TASK INPUT section start

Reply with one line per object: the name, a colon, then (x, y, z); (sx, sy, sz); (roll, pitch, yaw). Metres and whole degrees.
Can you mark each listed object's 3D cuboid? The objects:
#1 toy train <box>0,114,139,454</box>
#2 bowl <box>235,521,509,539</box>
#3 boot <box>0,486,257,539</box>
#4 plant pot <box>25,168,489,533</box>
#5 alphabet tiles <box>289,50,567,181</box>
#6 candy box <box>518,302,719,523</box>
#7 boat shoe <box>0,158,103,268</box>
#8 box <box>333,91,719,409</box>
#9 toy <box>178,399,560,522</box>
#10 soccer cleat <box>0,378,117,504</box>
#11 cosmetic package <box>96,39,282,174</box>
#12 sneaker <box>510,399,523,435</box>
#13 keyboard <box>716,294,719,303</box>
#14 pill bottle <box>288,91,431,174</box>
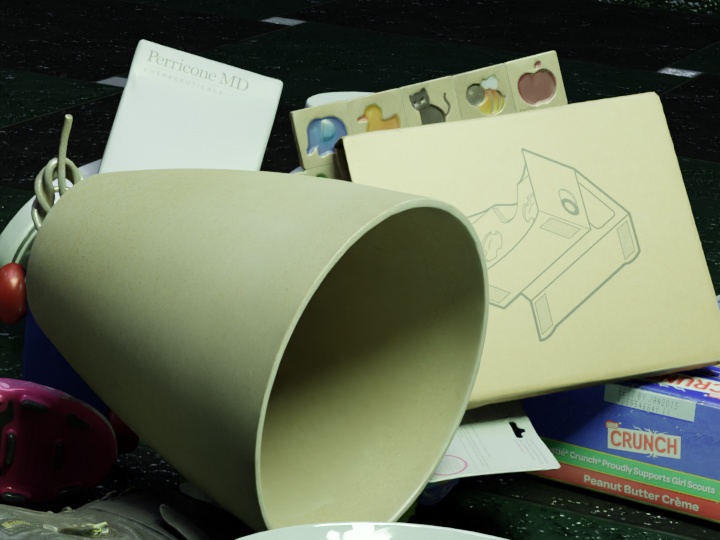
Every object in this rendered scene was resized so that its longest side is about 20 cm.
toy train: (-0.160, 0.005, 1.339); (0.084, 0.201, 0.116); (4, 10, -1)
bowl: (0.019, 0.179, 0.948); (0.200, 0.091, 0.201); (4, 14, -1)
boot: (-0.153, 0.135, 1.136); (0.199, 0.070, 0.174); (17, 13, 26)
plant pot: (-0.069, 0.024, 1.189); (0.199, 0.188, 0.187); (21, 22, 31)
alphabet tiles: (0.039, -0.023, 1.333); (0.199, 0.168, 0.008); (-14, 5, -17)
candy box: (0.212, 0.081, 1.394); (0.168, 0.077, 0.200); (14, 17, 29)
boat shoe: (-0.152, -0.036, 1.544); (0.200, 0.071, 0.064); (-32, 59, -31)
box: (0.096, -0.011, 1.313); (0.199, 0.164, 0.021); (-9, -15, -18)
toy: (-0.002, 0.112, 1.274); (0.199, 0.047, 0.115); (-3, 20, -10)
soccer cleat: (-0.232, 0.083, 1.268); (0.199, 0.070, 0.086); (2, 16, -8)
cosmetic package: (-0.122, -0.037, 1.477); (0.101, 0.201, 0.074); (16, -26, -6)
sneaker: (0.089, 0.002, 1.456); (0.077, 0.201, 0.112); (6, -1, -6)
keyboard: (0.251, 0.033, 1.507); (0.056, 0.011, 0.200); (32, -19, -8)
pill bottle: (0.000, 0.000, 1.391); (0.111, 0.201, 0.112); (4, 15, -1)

TASK INPUT section end
TASK INPUT section start

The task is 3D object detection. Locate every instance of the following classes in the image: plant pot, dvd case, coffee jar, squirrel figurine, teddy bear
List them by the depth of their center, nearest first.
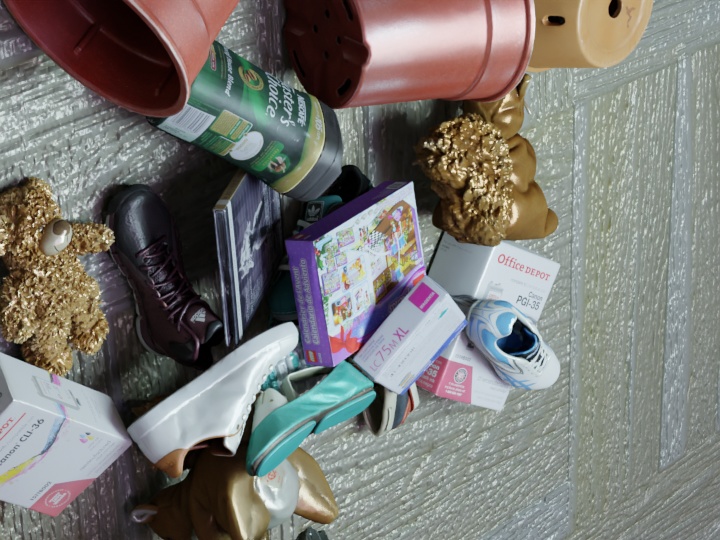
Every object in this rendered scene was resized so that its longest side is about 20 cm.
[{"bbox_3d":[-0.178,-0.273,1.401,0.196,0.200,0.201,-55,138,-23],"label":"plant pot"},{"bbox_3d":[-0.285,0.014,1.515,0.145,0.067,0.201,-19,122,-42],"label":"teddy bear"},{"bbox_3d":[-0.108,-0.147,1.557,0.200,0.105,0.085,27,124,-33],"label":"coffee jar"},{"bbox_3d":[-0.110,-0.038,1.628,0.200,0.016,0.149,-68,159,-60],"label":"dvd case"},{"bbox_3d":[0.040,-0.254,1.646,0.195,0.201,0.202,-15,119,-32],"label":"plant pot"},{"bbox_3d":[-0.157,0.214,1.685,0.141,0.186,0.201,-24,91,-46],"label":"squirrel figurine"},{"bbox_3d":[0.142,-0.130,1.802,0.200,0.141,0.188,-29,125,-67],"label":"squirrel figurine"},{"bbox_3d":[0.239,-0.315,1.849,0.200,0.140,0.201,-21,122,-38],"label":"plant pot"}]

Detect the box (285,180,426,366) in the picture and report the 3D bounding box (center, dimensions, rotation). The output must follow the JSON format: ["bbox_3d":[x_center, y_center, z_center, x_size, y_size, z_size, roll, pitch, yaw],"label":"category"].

TASK INPUT section end

Taking the entries above, restate exactly those lines that fall between the line with "#13 keyboard <box>716,294,719,303</box>" and the line with "#14 pill bottle <box>288,91,431,174</box>", keeping both of those lines too.

#13 keyboard <box>716,294,719,303</box>
#14 pill bottle <box>288,91,431,174</box>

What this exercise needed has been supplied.